Supervisor cluster upgrade might get stuck if wcp service on vCenter is restarted or crashed during upgrade
search cancel

Supervisor cluster upgrade might get stuck if wcp service on vCenter is restarted or crashed during upgrade

book

Article ID: 323436

calendar_today

Updated On:

Products

VMware vCenter Server

Issue/Introduction

Symptoms:
During a supervisor cluster upgrade the 4th node fails to come up.
root@42397b89d11566df143a55066724a350 [ ~ ]# kubectl get nodes
NAME STATUS ROLES AGE VERSION
423941ed1d520ec8cf940c2b8860840f Ready master 5h19m v1.19.1+wcp.3
42397b89d11566df143a55066724a350 Ready master 5h54m v1.19.1+wcp.3
4239d4da55ae6243c84d865842b253af NotReady <none> 3h8m v1.20.2+wcp.3
4239fe3031a588a4a0524a771ce9749b Ready master 5h19m v1.19.1+wcp.3
sc1-10-78-225-240.eng.vmware.com Ready agent 5h14m v1.19.1-sph-b0161d9
sc1-10-78-225-36.eng.vmware.com Ready agent 5h14m v1.19.1-sph-b0161d9
sc1-10-78-228-146.eng.vmware.com Ready agent 5h14m v1.19.1-sph-b0161d9
And etcd pod logs on the not ready node show 

2021-08-24 21:22:25.962007 C | etcdmain: error validating peerURLs {ClusterID:fbb28004e70cc8d7 Members:[&{ID:86394628723018fa RaftAttributes:{PeerURLs:[https://10.78.225.103:2380] IsLearner:false} Attributes:{Name:4239fe3031a588a4a0524a771ce9749b ClientURLs:[https://10.78.225.103:2379]}} &{ID:91f24f5f2954401a RaftAttributes:{PeerURLs:[https://10.78.231.12:2380] IsLearner:false} Attributes:{Name:423941ed1d520ec8cf940c2b8860840f ClientURLs:[https://10.78.231.12:2379]}} &{ID:bb8603c19df1616c RaftAttributes:{PeerURLs:[https://10.78.239.82:2380] IsLearner:false} Attributes:{Name:42397b89d11566df143a55066724a350 ClientURLs:[https://10.78.239.82:2379]}}] RemovedMemberIDs:[]}: member count is unequal


Environment

VMware vCenter Server 7.0.x

Cause

This is due to wcp service on vCenter being restarted or crashed during the upgrade.

Resolution

1. Login to supervisor cluster as root using KB 90194
2. "etcdctl member list"
3. etcdctl member remove <vm-id shown by above command>   (Only use this if there is a 4th Supervisor node)
4. Delete the EAM agency for Supervisor control VM from UI using below steps.

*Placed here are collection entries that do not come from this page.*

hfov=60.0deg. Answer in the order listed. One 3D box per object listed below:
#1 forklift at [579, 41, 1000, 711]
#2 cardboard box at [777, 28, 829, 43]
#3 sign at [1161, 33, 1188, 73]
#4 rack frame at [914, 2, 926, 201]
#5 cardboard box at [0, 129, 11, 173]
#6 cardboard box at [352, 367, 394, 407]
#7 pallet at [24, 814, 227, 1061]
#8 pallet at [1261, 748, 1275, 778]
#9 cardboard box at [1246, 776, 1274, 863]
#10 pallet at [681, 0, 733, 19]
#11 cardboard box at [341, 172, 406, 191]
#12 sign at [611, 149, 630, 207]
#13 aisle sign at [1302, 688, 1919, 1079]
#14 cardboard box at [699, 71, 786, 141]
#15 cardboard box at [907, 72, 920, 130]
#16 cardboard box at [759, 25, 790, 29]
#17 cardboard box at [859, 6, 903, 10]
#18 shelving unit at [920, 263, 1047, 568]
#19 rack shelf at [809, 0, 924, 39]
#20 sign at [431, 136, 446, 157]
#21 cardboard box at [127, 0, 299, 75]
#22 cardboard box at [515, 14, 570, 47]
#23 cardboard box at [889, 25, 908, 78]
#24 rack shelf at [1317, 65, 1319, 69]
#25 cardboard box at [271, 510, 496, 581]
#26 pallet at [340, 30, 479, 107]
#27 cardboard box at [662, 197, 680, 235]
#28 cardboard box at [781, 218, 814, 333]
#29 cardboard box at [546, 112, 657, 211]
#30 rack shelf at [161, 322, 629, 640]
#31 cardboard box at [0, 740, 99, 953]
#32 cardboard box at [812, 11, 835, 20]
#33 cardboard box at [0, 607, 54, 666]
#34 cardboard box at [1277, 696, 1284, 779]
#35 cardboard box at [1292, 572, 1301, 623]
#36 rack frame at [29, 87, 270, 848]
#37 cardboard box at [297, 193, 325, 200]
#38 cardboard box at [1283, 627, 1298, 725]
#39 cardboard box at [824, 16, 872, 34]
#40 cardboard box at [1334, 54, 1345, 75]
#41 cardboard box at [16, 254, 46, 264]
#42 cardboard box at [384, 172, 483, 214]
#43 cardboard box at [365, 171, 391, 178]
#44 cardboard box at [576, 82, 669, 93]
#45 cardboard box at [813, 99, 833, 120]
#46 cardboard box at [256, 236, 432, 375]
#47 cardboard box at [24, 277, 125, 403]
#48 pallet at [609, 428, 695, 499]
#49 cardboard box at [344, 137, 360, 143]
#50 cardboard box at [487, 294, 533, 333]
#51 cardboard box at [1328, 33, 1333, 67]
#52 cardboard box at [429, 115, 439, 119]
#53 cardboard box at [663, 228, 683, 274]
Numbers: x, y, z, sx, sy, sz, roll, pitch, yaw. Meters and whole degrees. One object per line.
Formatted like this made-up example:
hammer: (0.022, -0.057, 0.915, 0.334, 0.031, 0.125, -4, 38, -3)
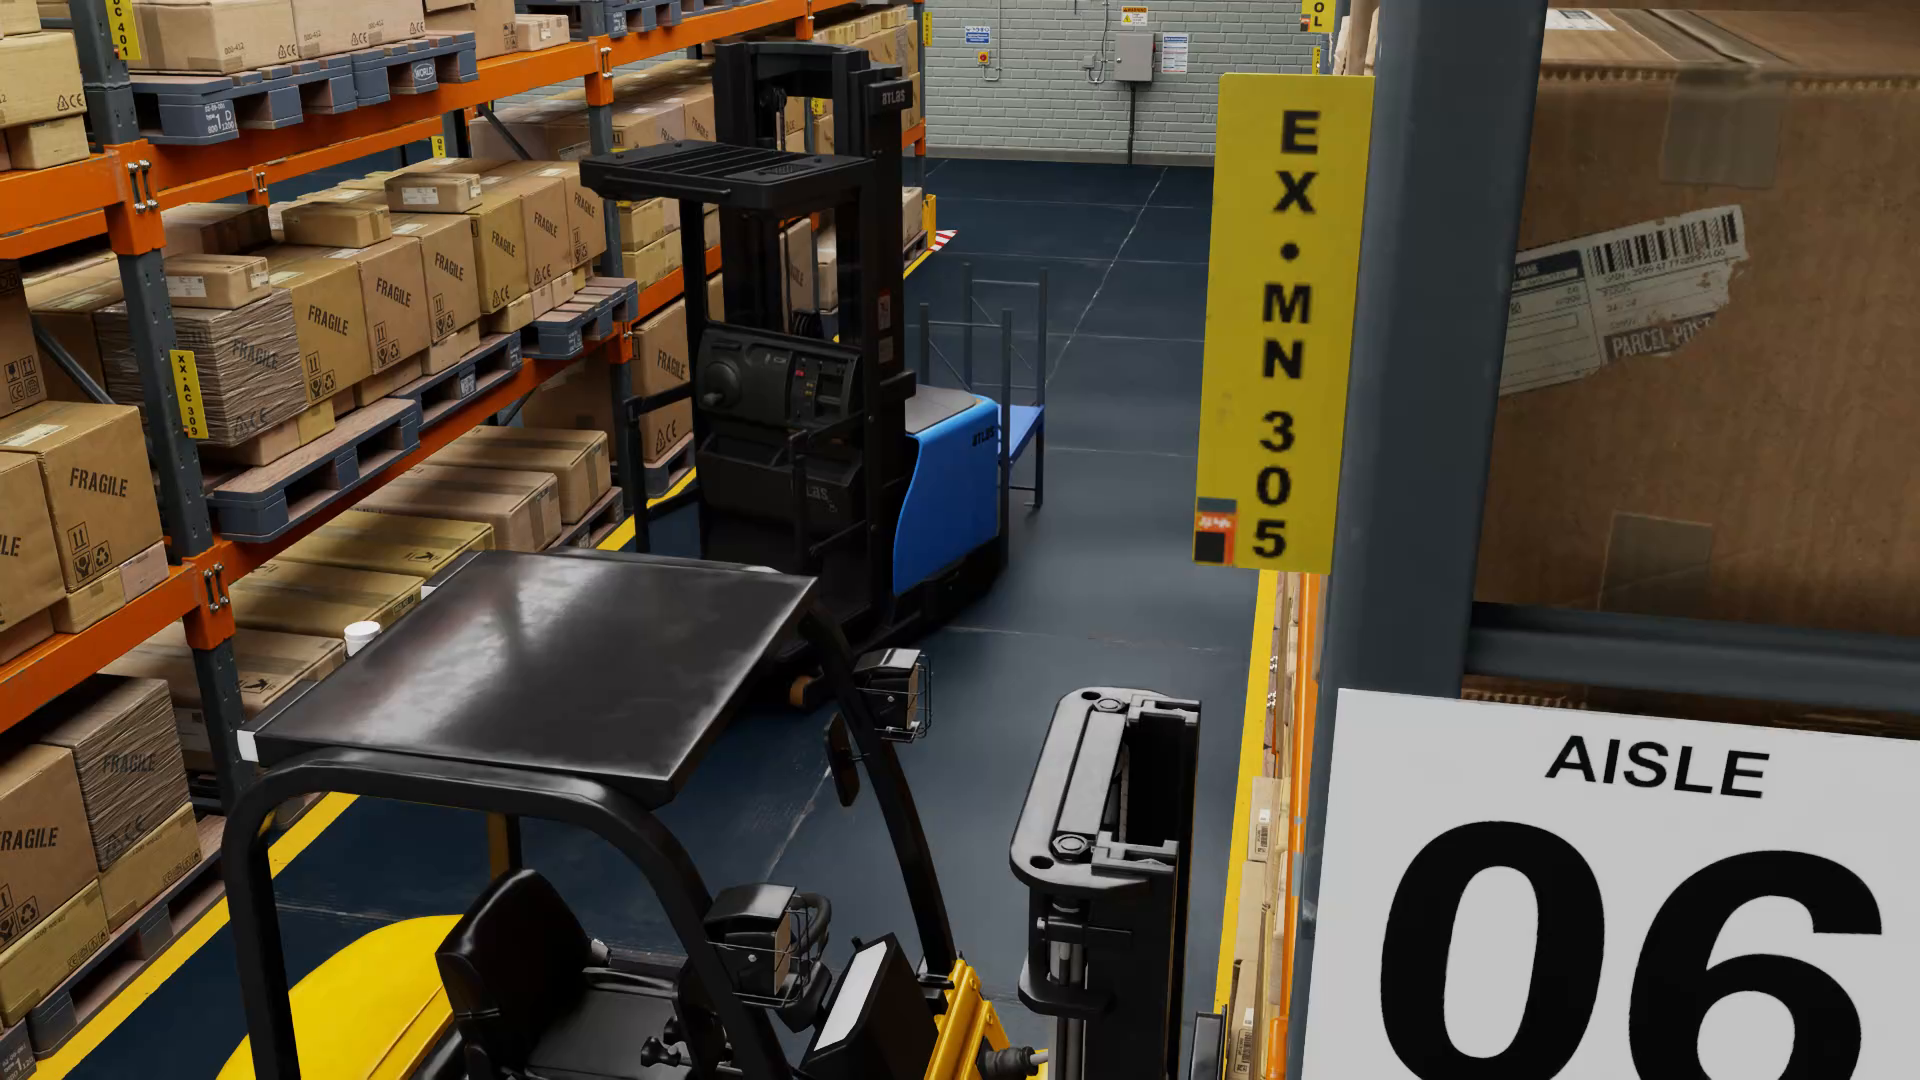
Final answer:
forklift: (-0.997, -0.753, 7.799, 1.130, 2.935, 3.031, 13, 26, 30)
cardboard box: (-1.309, -4.184, 13.886, 0.380, 0.149, 0.250, 4, 22, 10)
sign: (2.822, -6.393, 21.839, 0.329, 0.494, 0.001, 4, 22, 11)
rack frame: (-0.859, -4.548, 17.132, 1.000, 3.000, 0.127, 4, 22, 11)
cardboard box: (-3.211, -1.210, 5.164, 0.380, 0.149, 0.250, 5, 22, 12)
cardboard box: (-2.749, -0.707, 7.368, 0.380, 0.149, 0.250, 5, 22, 12)
pallet: (-3.410, 1.382, 6.139, 1.003, 0.211, 1.213, 4, 22, 11)
pallet: (1.665, 1.238, 6.496, 1.003, 0.211, 1.213, 4, 22, 11)
cardboard box: (1.147, 0.987, 5.167, 0.500, 0.250, 0.500, 4, 22, 10)
pallet: (-2.186, -3.575, 10.953, 1.003, 0.211, 1.213, 6, 23, 13)
cardboard box: (-2.909, -1.664, 8.875, 0.500, 0.500, 0.500, 6, 23, 14)
sign: (-1.958, -2.085, 9.571, 0.100, 0.325, 0.005, 4, 22, 11)
aisle sign: (0.436, 0.476, 1.177, 0.394, 0.787, 0.004, 4, 22, 11)
cardboard box: (-1.618, -3.223, 12.369, 0.500, 0.500, 0.500, 5, 22, 12)
cardboard box: (-0.698, -4.398, 16.625, 0.500, 0.500, 0.500, 5, 22, 11)
cardboard box: (-1.669, -4.306, 14.189, 0.380, 0.149, 0.250, 4, 22, 10)
cardboard box: (-0.764, -5.118, 16.206, 0.380, 0.149, 0.250, 5, 22, 12)
shelving unit: (0.149, -0.749, 9.705, 0.538, 1.500, 1.048, 5, 23, 13)
rack shelf: (-1.267, -4.875, 14.890, 1.077, 0.370, 4.000, 4, 22, 11)
sign: (-3.035, -2.201, 9.753, 0.100, 0.325, 0.005, 4, 22, 11)
cardboard box: (-2.795, -1.859, 6.079, 0.500, 0.250, 0.500, 4, 22, 9)
cardboard box: (-2.350, -2.766, 9.028, 0.380, 0.149, 0.250, 4, 22, 11)
cardboard box: (-0.802, -4.671, 15.963, 0.500, 0.500, 0.500, 5, 22, 11)
rack shelf: (1.961, -1.572, 6.689, 1.077, 0.370, 4.000, 4, 22, 11)
cardboard box: (-2.919, 0.155, 8.409, 0.950, 0.372, 0.625, 5, 23, 13)
pallet: (-2.868, -2.061, 7.192, 1.213, 0.211, 1.003, 4, 22, 11)
cardboard box: (-2.039, -2.140, 10.684, 0.500, 0.250, 0.500, 5, 22, 12)
cardboard box: (-1.723, -2.062, 13.240, 0.875, 0.875, 0.875, 5, 23, 13)
cardboard box: (-2.151, -2.294, 10.063, 0.500, 0.500, 0.500, 4, 22, 9)
rack shelf: (-2.899, -0.557, 8.185, 1.077, 0.370, 4.000, 4, 22, 11)
cardboard box: (-3.267, 0.996, 5.480, 0.500, 0.500, 0.500, 5, 22, 12)
cardboard box: (-1.389, -4.865, 15.578, 0.380, 0.149, 0.250, 5, 22, 11)
cardboard box: (-3.248, 0.279, 5.482, 0.380, 0.149, 0.250, 5, 22, 11)
cardboard box: (1.117, 0.505, 4.450, 0.500, 0.500, 0.500, 5, 22, 12)
cardboard box: (1.036, 0.109, 4.168, 0.380, 0.149, 0.250, 5, 22, 12)
rack frame: (-3.307, -0.160, 6.235, 1.000, 3.000, 0.127, 4, 22, 11)
cardboard box: (-6.414, -3.388, 16.710, 0.380, 0.149, 0.250, 5, 22, 12)
cardboard box: (0.975, 0.339, 3.994, 0.380, 0.149, 0.250, 4, 22, 10)
cardboard box: (-1.014, -4.647, 15.037, 0.380, 0.149, 0.250, 5, 23, 13)
cardboard box: (0.953, -0.833, 3.376, 0.396, 0.266, 0.258, 4, 22, 10)
cardboard box: (-7.263, -1.986, 12.551, 0.500, 0.250, 0.500, 5, 22, 12)
cardboard box: (-2.549, -1.683, 8.054, 0.380, 0.149, 0.250, 3, 22, 8)
cardboard box: (-6.165, -3.871, 17.908, 0.380, 0.149, 0.250, 3, 22, 8)
cardboard box: (-2.327, -2.896, 11.556, 0.500, 0.500, 0.500, 4, 22, 10)
cardboard box: (-1.340, -3.751, 13.680, 0.500, 0.500, 0.500, 5, 22, 11)
cardboard box: (-2.715, -1.051, 7.355, 0.500, 0.500, 0.500, 4, 22, 11)
cardboard box: (-3.438, -0.725, 6.545, 0.500, 0.500, 0.500, 4, 22, 10)
pallet: (-2.256, -0.612, 11.090, 1.003, 0.211, 1.213, 4, 22, 11)
cardboard box: (-5.942, -3.873, 15.792, 0.380, 0.149, 0.250, 5, 23, 13)
cardboard box: (-2.421, -1.171, 8.519, 0.380, 0.149, 0.250, 5, 22, 12)
cardboard box: (1.462, -1.657, 5.361, 0.500, 0.311, 0.500, 4, 22, 9)
cardboard box: (-5.639, -4.450, 17.225, 0.380, 0.149, 0.250, 4, 22, 10)
cardboard box: (-2.057, -1.902, 10.761, 0.500, 0.250, 0.500, 4, 22, 9)

Navigating to EAM agency configuration in VC web UI (Menu -> Administration -> vCenter Server Extensions -> vSphere ESX Agent Manager -> Configure >> Select the agency of WCP control plane VM and delete

In some cases step 2 and 3 may not apply but step 1 and 4 applies in all cases.
 

PLEASE NOTE: When on the supervisor control plane VM you have permissions to permanently damage the cluster. If VMware Support finds evidence of a customer making changes to the supervisor cluster from the SV VM, they may mark your cluster as unsupported and require you redeploy the entire vSphere with Tanzu solution. Only use this session to test networks, look at logs, and run kubectl logs/get/describe commands. Do NOT deploy, delete, or edit anything from this session.